Wynn (photo inset) said AMIE’s aim was to be a center of excellence. She gave kudos to a 2008 study that helped spur the growth of AMIE from eleven ABET-accredited HBCU members to fifteen in 2020.
Wynn thanked the four executive sponsors for their hard work and dedication. They include Alicia Boler Davis, senior vice president of global customer fulfillment at Amazon, Tyrone Taborn, CEO of Career Communications Group, publisher of US Black Engineer magazine; Mike Mullen, a retired United States Navy admiral, who served as chairman of the Joint Chiefs of Staff from 2007 through 2011, and Nick Donofrio, former executive vice president of innovation and technology at the IBM Corporation.

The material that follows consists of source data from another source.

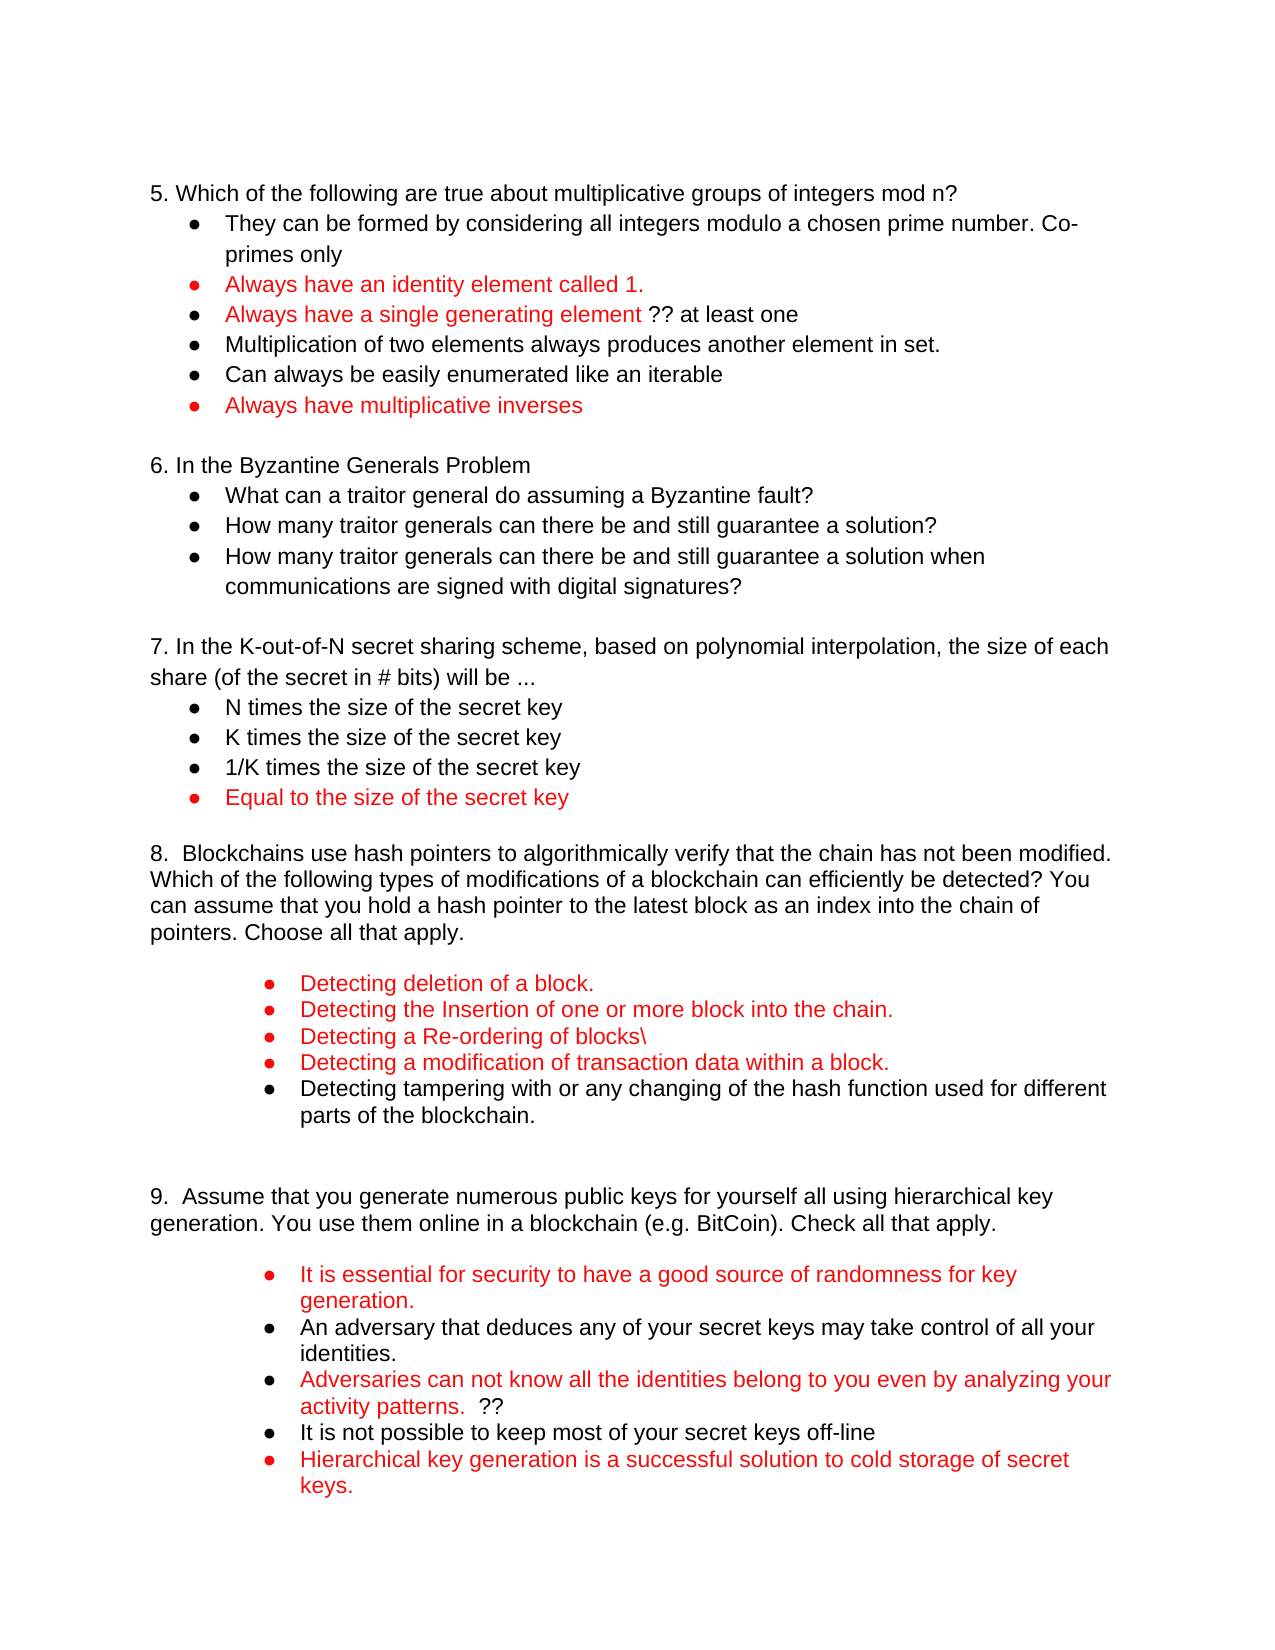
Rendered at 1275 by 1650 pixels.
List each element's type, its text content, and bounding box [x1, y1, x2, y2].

text 5. Which of the following are true about multiplicative groups of integers mod n? [150, 180, 1125, 207]
list Detecting tampering with or any changing of the hash function used for different parts of the blockchain. [262, 1075, 1125, 1128]
list It is essential for security to have a good source of randomness for key generation. [262, 1261, 1125, 1314]
list Multiplication of two elements always produces another element in set. [187, 331, 1125, 358]
list Always have an identity element called 1. [187, 271, 1125, 297]
list Detecting the Insertion of one or more block into the chain. [262, 996, 1125, 1023]
list How many traitor generals can there be and still guarantee a solution? [187, 512, 1125, 539]
list Always have multiplicative inverses [187, 392, 1125, 418]
list Can always be easily enumerated like an iterable [187, 361, 1125, 388]
list Equal to the size of the secret key [187, 784, 1125, 811]
list Detecting a modification of transaction data within a block. [262, 1049, 1125, 1075]
text 9. Assume that you generate numerous public keys for yourself all using hierarchical key generation. You use them online in a blockchain (e.g. BitCoin). Check all that apply. [150, 1183, 1125, 1236]
list How many traitor generals can there be and still guarantee a solution when communications are signed with digital signatures? [187, 543, 1125, 599]
text 6. In the Byzantine Generals Problem [150, 452, 1125, 478]
list It is not possible to keep most of your secret keys off-line [262, 1419, 1125, 1446]
text 8. Blockchains use hash pointers to algorithmically verify that the chain has not been modified. Which of the following types of modifications of a blockchain can efficiently be detected? You can assume that you hold a hash pointer to the latest block as an index into the chain of pointers. Choose all that apply. [150, 839, 1125, 945]
list Detecting a Re-ordering of blocks\ [262, 1023, 1125, 1049]
list Always have a single generating element ?? at least one [187, 301, 1125, 327]
list 1/K times the size of the secret key [187, 754, 1125, 781]
list What can a traitor general do assuming a Byzantine fault? [187, 482, 1125, 509]
list They can be formed by considering all integers modulo a chosen prime number. Co-primes only [187, 210, 1125, 267]
list An adversary that deduces any of your secret keys may take control of all your identities. [262, 1314, 1125, 1366]
list N times the size of the secret key [187, 694, 1125, 720]
list Hierarchical key generation is a successful solution to cold storage of secret keys. [262, 1446, 1125, 1498]
list Adversaries can not know all the identities belong to you even by analyzing your activity patterns. ?? [262, 1366, 1125, 1419]
list K times the size of the secret key [187, 724, 1125, 750]
list Detecting deletion of a block. [262, 970, 1125, 996]
text 7. In the K-out-of-N secret sharing scheme, based on polynomial interpolation, the size of each share (of the secret in # bits) will be ... [150, 633, 1125, 690]
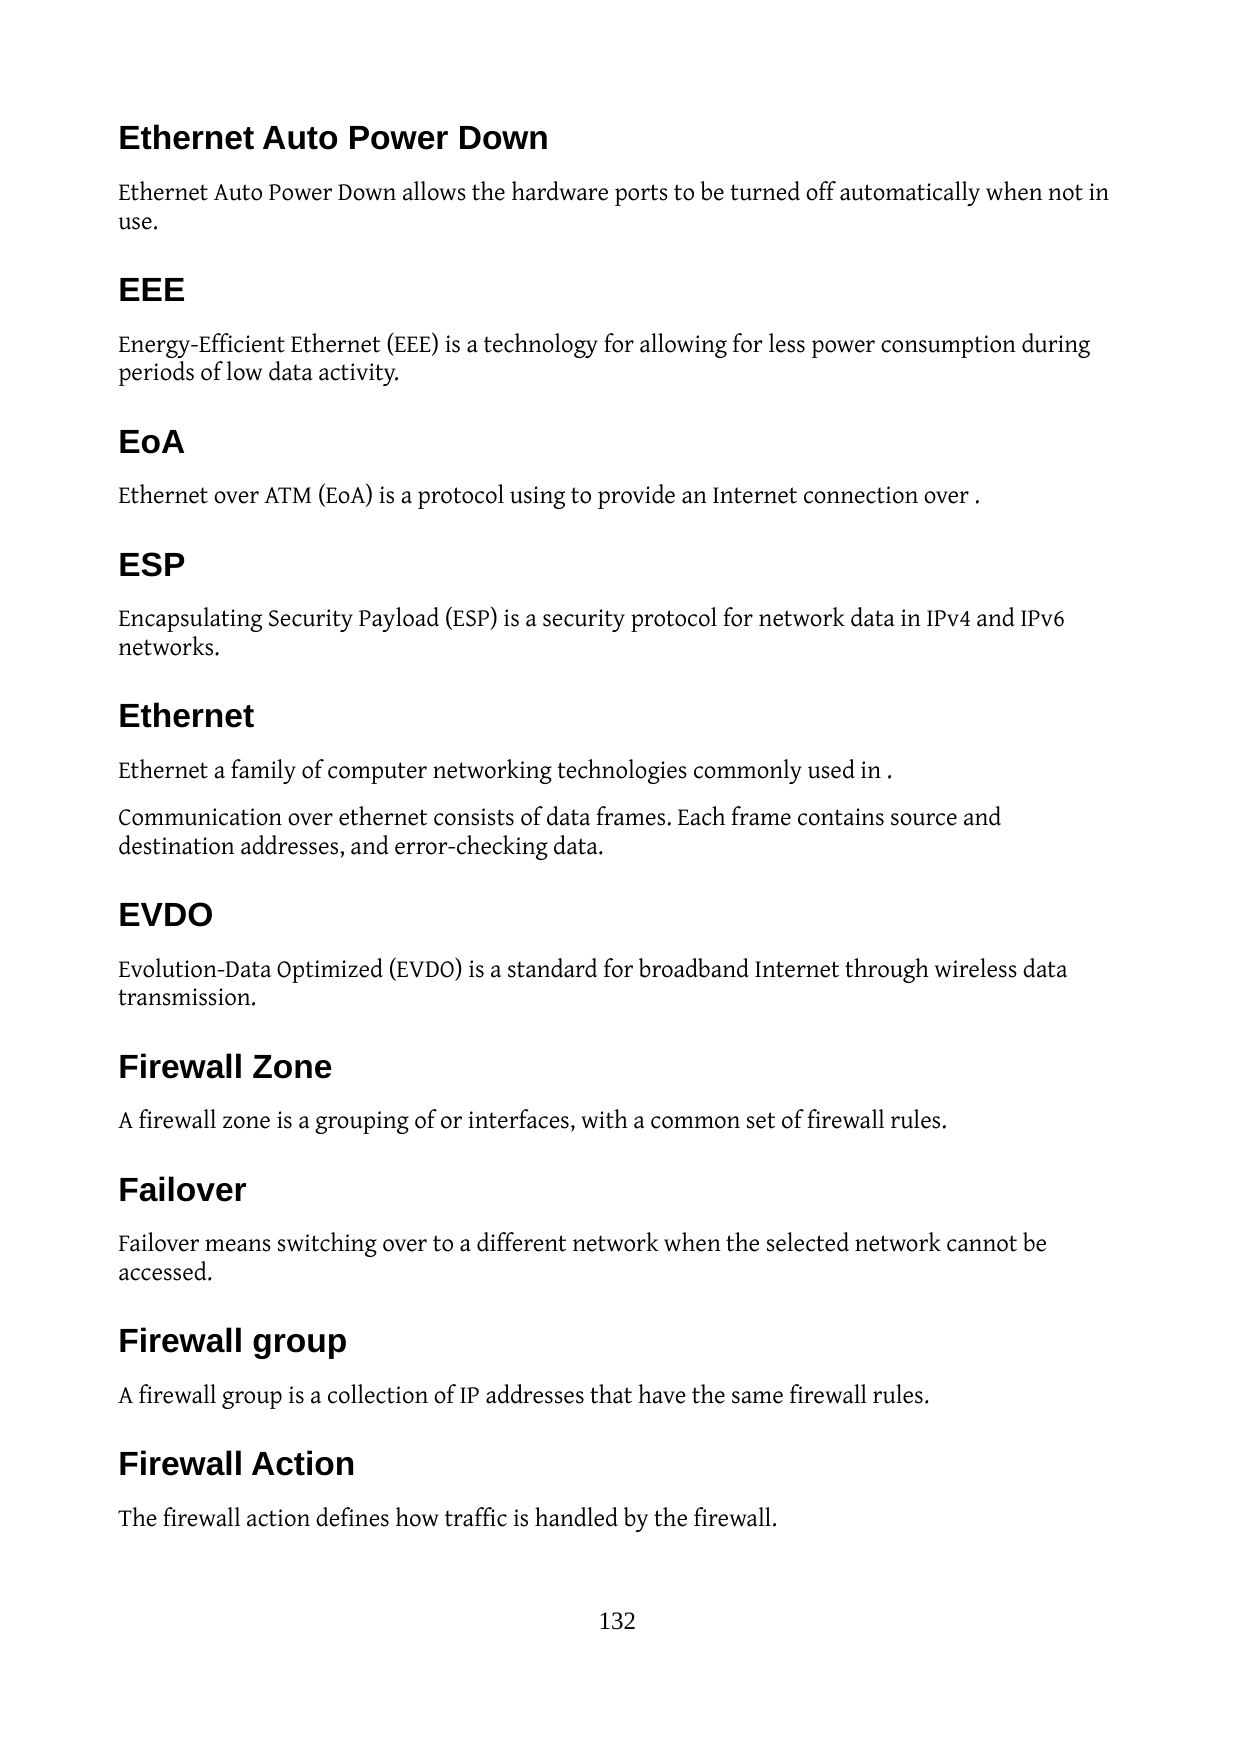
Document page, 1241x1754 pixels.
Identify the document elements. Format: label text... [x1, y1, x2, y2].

subtitle Firewall Action [118, 1444, 1122, 1483]
text A firewall group is a collection of IP addresses that have the same firewall rules. [118, 1381, 1122, 1410]
text Ethernet a family of computer networking technologies commonly used in . [118, 756, 1122, 785]
subtitle EoA [118, 422, 1122, 460]
text Communication over ethernet consists of data frames. Each frame contains source and destination addresses, and error-checking data. [118, 803, 1122, 861]
subtitle EEE [118, 270, 1122, 308]
subtitle Ethernet [118, 696, 1122, 735]
text Ethernet over ATM (EoA) is a protocol using to provide an Internet connection over . [118, 482, 1122, 511]
subtitle Firewall Zone [118, 1047, 1122, 1085]
subtitle ESP [118, 544, 1122, 583]
subtitle Failover [118, 1169, 1122, 1208]
subtitle Ethernet Auto Power Down [118, 118, 1122, 157]
text A firewall zone is a grouping of or interfaces, with a common set of firewall rules. [118, 1107, 1122, 1136]
text Failover means switching over to a different network when the selected network cannot be accessed. [118, 1230, 1122, 1287]
subtitle EVDO [118, 895, 1122, 933]
subtitle Firewall group [118, 1321, 1122, 1360]
text Ethernet Auto Power Down allows the hardware ports to be turned off automatically when not in use. [118, 178, 1122, 236]
text The firewall action defines how traffic is handled by the firewall. [118, 1504, 1122, 1533]
text Energy-Efficient Ethernet (EEE) is a technology for allowing for less power consumption during periods of low data activity. [118, 330, 1122, 388]
text Evolution-Data Optimized (EVDO) is a standard for broadband Internet through wireless data transmission. [118, 955, 1122, 1013]
text Encapsulating Security Payload (ESP) is a security protocol for network data in IPv4 and IPv6 networks. [118, 605, 1122, 662]
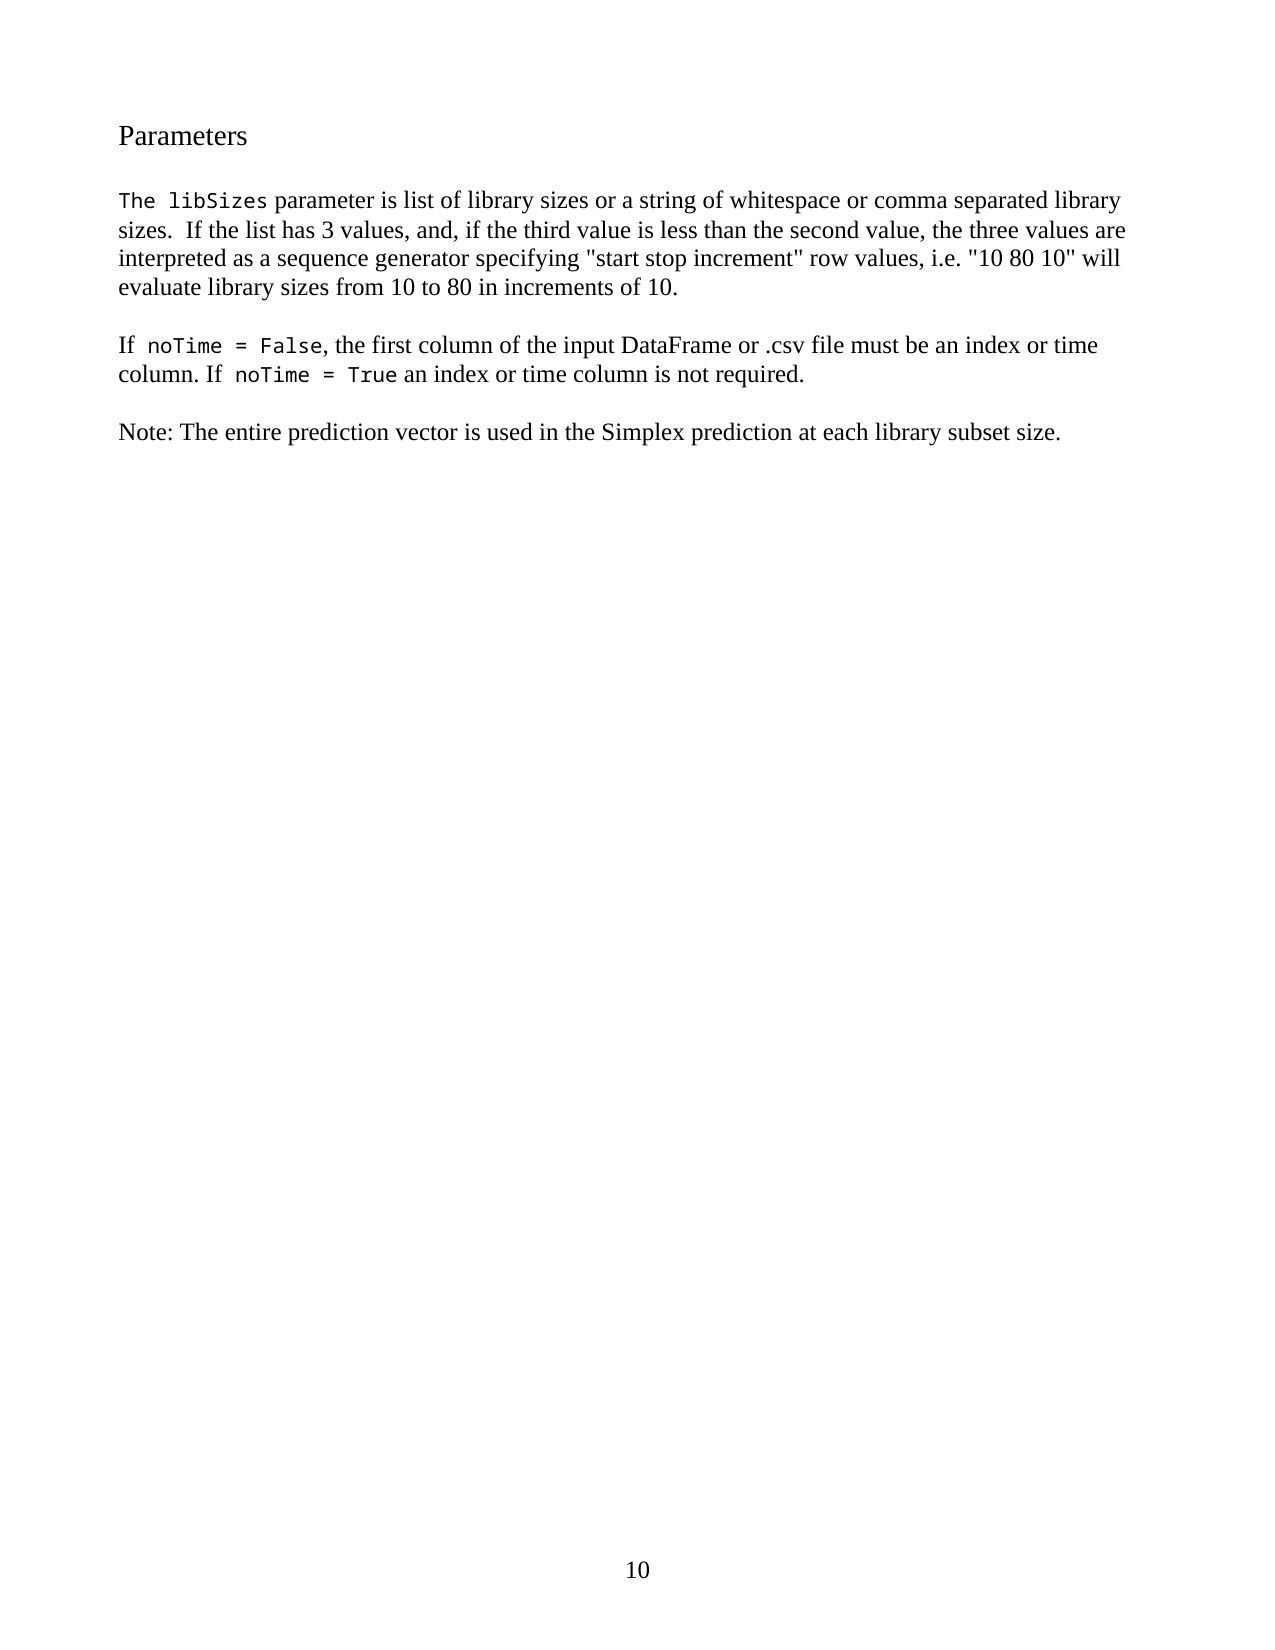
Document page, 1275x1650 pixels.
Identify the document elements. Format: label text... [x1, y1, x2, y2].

text Note: The entire prediction vector is used in the Simplex prediction at each library subset size. [118, 417, 1157, 446]
text The libSizes parameter is list of library sizes or a string of whitespace or comma separated library sizes. If the list has 3 values, and, if the third value is less than the second value, the three values are interpreted as a sequence generator specifying "start stop increment" row values, i.e. "10 80 10" will evaluate library sizes from 10 to 80 in increments of 10. [118, 185, 1157, 301]
text Parameters [118, 118, 1157, 152]
text If noTime = False, the first column of the input DataFrame or .csv file must be an index or time column. If noTime = True an index or time column is not required. [118, 330, 1157, 389]

Over the course of the 2020-2021 AMIE study, each ABET-accredited HBCU engineering school will be assessed to help bolster their course offerings and ensure competition, reviewed within the context of other schools within their home states to determine where interventions are needed, and further equipped to help students and families plan for careers in science, technology, engineering, and math (STEM).
Various panels held over the two-day AMIE conference discussed the impact of the pandemic on industry, higher education, government, and students. Panel speakers included Dr. Linda Fischetti of MITRE, Terrell Reid of Northrop Grumman, Mark Pervine of General Motors, Timothy N. Thomason of Optum, Everett Tucker of Abbott Laboratories, academic deans from the fifteen ABET-accredited HBCUs, and engineering students.
During the farewell address, Tennessee State University engineering dean Dr. S. Keith Hargrove encouraged the online audience to look ahead to 2021, when AMIE plans to reconvene on the HBCU campus in Nashville, Tennessee.